### EXERCISE DESCRIPTION:
Your reply should be an exact copy of every entry, with the pictures removed.

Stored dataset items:

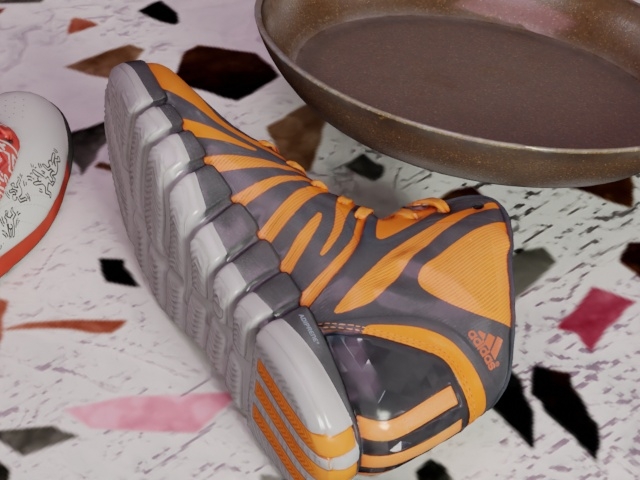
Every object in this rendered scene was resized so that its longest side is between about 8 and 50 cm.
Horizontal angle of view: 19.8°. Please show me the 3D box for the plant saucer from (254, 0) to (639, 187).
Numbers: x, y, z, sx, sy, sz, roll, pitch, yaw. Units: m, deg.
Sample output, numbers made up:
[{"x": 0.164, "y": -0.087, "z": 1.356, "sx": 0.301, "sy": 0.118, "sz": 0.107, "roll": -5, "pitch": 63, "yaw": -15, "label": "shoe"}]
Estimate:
[{"x": 0.108, "y": -0.110, "z": 1.188, "sx": 0.310, "sy": 0.050, "sz": 0.310, "roll": 8, "pitch": 29, "yaw": -5, "label": "plant saucer"}]

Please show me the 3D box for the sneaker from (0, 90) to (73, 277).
[{"x": -0.233, "y": -0.040, "z": 1.115, "sx": 0.090, "sy": 0.145, "sz": 0.270, "roll": 15, "pitch": 47, "yaw": 16, "label": "sneaker"}]

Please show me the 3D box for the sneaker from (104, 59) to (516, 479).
[{"x": 0.000, "y": 0.000, "z": 1.100, "sx": 0.180, "sy": 0.124, "sz": 0.321, "roll": -20, "pitch": 58, "yaw": -22, "label": "sneaker"}]
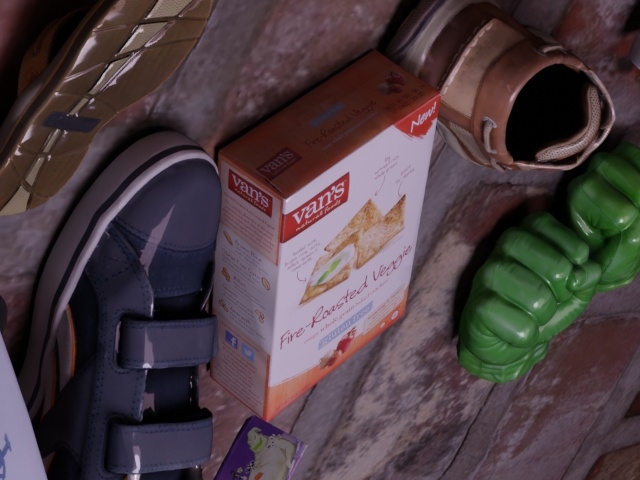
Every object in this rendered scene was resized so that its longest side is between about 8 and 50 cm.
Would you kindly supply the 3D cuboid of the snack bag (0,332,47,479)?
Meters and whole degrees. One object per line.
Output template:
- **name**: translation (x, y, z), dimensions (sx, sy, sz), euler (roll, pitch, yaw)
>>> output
- **snack bag**: translation (-0.212, 0.175, 0.794), dimensions (0.342, 0.037, 0.323), euler (-69, 154, -54)

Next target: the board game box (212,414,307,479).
- **board game box**: translation (-0.104, 0.274, 1.158), dimensions (0.208, 0.056, 0.347), euler (-55, 174, -30)

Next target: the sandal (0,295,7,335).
- **sandal**: translation (-0.225, 0.106, 0.964), dimensions (0.179, 0.040, 0.067), euler (-58, 153, 10)

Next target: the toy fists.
- **toy fists**: translation (0.233, 0.015, 1.546), dimensions (0.279, 0.096, 0.142), euler (-37, 148, -28)

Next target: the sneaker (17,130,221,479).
- **sneaker**: translation (-0.118, 0.096, 1.036), dimensions (0.126, 0.127, 0.321), euler (-4, 124, -56)

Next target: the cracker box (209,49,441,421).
- **cracker box**: translation (0.000, 0.000, 1.175), dimensions (0.156, 0.067, 0.232), euler (-36, 148, -32)

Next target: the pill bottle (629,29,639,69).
- **pill bottle**: translation (0.334, -0.225, 1.402), dimensions (0.108, 0.108, 0.193), euler (-18, 137, -50)

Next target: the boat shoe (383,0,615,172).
- **boat shoe**: translation (0.158, -0.096, 1.260), dimensions (0.123, 0.116, 0.324), euler (-58, 153, 10)

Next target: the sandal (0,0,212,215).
- **sandal**: translation (-0.131, -0.087, 0.886), dimensions (0.180, 0.049, 0.072), euler (-47, 151, 20)

### ANSWER FOR THE TASK:
Every object in this rendered scene was resized so that its longest side is between about 8 and 50 cm.
Horizontal angle of view: 19.8°. Please show me the 3D box for the plant saucer from (254, 0) to (639, 187).
Numbers: x, y, z, sx, sy, sz, roll, pitch, yaw. Units: m, deg.
Sample output, numbers made up:
[{"x": 0.164, "y": -0.087, "z": 1.356, "sx": 0.301, "sy": 0.118, "sz": 0.107, "roll": -5, "pitch": 63, "yaw": -15, "label": "shoe"}]
Estimate:
[{"x": 0.108, "y": -0.110, "z": 1.188, "sx": 0.310, "sy": 0.050, "sz": 0.310, "roll": 8, "pitch": 29, "yaw": -5, "label": "plant saucer"}]

Please show me the 3D box for the sneaker from (0, 90) to (73, 277).
[{"x": -0.233, "y": -0.040, "z": 1.115, "sx": 0.090, "sy": 0.145, "sz": 0.270, "roll": 15, "pitch": 47, "yaw": 16, "label": "sneaker"}]

Please show me the 3D box for the sneaker from (104, 59) to (516, 479).
[{"x": 0.000, "y": 0.000, "z": 1.100, "sx": 0.180, "sy": 0.124, "sz": 0.321, "roll": -20, "pitch": 58, "yaw": -22, "label": "sneaker"}]
Every object in this rendered scene was resized so that its longest side is between about 8 and 50 cm.
Would you kindly supply the 3D cuboid of the snack bag (0,332,47,479)?
Meters and whole degrees. One object per line.
Output template:
- **name**: translation (x, y, z), dimensions (sx, sy, sz), euler (roll, pitch, yaw)
>>> output
- **snack bag**: translation (-0.212, 0.175, 0.794), dimensions (0.342, 0.037, 0.323), euler (-69, 154, -54)

Next target: the board game box (212,414,307,479).
- **board game box**: translation (-0.104, 0.274, 1.158), dimensions (0.208, 0.056, 0.347), euler (-55, 174, -30)

Next target: the sandal (0,295,7,335).
- **sandal**: translation (-0.225, 0.106, 0.964), dimensions (0.179, 0.040, 0.067), euler (-58, 153, 10)

Next target: the toy fists.
- **toy fists**: translation (0.233, 0.015, 1.546), dimensions (0.279, 0.096, 0.142), euler (-37, 148, -28)

Next target: the sneaker (17,130,221,479).
- **sneaker**: translation (-0.118, 0.096, 1.036), dimensions (0.126, 0.127, 0.321), euler (-4, 124, -56)

Next target: the cracker box (209,49,441,421).
- **cracker box**: translation (0.000, 0.000, 1.175), dimensions (0.156, 0.067, 0.232), euler (-36, 148, -32)

Next target: the pill bottle (629,29,639,69).
- **pill bottle**: translation (0.334, -0.225, 1.402), dimensions (0.108, 0.108, 0.193), euler (-18, 137, -50)

Next target: the boat shoe (383,0,615,172).
- **boat shoe**: translation (0.158, -0.096, 1.260), dimensions (0.123, 0.116, 0.324), euler (-58, 153, 10)

Next target: the sandal (0,0,212,215).
- **sandal**: translation (-0.131, -0.087, 0.886), dimensions (0.180, 0.049, 0.072), euler (-47, 151, 20)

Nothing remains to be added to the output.